==== Material provided ====
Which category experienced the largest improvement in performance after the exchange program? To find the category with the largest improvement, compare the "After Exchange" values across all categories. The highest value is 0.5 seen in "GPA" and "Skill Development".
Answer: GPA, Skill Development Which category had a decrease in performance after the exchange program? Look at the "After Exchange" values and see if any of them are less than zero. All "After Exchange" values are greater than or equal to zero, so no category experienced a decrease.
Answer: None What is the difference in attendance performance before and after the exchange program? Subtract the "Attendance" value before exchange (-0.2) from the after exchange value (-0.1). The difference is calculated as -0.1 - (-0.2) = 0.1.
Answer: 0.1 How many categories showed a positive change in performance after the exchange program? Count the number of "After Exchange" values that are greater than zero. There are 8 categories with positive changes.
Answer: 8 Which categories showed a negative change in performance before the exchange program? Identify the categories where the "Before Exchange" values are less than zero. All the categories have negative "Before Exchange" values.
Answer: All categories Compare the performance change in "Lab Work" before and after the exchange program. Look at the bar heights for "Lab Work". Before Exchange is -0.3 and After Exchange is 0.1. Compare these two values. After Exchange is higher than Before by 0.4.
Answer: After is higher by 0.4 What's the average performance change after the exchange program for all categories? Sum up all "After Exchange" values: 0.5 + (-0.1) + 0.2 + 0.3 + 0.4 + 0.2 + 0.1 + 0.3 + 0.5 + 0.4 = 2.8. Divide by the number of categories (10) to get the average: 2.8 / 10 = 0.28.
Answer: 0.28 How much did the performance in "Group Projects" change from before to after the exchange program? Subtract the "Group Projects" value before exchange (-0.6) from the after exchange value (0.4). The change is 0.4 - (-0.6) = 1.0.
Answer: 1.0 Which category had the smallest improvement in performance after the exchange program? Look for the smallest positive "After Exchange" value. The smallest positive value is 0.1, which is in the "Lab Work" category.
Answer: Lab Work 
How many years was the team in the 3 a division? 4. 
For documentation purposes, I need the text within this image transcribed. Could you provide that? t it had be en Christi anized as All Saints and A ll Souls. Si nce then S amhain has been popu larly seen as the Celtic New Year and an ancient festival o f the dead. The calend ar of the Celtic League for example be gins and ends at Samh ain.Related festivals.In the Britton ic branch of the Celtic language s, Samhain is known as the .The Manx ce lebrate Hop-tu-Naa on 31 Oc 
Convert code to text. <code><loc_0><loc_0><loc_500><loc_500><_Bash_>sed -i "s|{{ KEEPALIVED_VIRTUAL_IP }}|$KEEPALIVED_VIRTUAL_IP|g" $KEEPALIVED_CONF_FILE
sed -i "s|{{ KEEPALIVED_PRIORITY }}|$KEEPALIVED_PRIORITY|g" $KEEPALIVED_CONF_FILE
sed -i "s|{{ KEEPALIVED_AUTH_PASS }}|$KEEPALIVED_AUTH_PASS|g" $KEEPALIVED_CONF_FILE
====
- [Directions for this task]: Your reply is to repeat, unchanged, the lines above running from the one with "Answer: 1.0 Which" up to and including the one with "Answer: Lab Work".

- [Task solution]:
Answer: 1.0 Which category had the smallest improvement in performance after the exchange program? Look for the smallest positive "After Exchange" value. The smallest positive value is 0.1, which is in the "Lab Work" category.
Answer: Lab Work 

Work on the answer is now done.